Pivotal animal study
In 2013, Mirkin and Stegh were the senior co-authors of an animal study published in Science Translational Medicine. Their research team was the first to demonstrate delivery of a drug by intravenous injection that turns off a critical cancer-causing gene in glioblastoma, reducing tumor progression and increasing survival rates significantly in mice with the deadly disease.
In mice with glioblastoma, approximately 1 percent of the injected dose accumulated in the intracranial brain tumor tissue.
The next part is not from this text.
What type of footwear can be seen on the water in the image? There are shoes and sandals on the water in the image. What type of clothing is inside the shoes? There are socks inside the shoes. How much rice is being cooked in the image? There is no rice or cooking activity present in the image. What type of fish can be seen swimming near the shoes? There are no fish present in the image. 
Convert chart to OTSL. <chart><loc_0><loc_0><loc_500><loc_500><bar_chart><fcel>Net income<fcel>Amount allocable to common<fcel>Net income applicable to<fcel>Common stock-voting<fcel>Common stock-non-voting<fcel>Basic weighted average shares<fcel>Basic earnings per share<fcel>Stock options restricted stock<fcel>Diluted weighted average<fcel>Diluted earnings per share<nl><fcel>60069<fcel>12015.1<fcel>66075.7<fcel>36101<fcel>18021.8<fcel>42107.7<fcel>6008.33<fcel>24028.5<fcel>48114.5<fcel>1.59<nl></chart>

Interestingly, once in the brain, the spherical nucleic acids selectively accumulated in tumor tissue over normal brain tissue. This is likely due to the ability of nanoparticles to accumulate in tumor tissue because of leaky blood vessels created by the tumor.
The survival rate of the animals increased nearly 20 percent, and tumor size was reduced three to four fold, as compared to the control group.
Mirkin first developed the nanostructure platform used in this study at Northwestern in 1996. This new development targeting glioblastoma was the first realization that the nanostructures injected into an animal naturally find their target in the brain and can deliver an effective payload of therapeutics.
Mirkin also is a professor of medicine, chemical and biological engineering, biomedical engineering and materials science and engineering.
Editor’s note: Northwestern University and some of the researchers involved in the development of the drug have financial interests relative to the drug used in this research study. As a result of these interests, Northwestern University and/or some researchers could ultimately benefit financially from the outcomes of this research.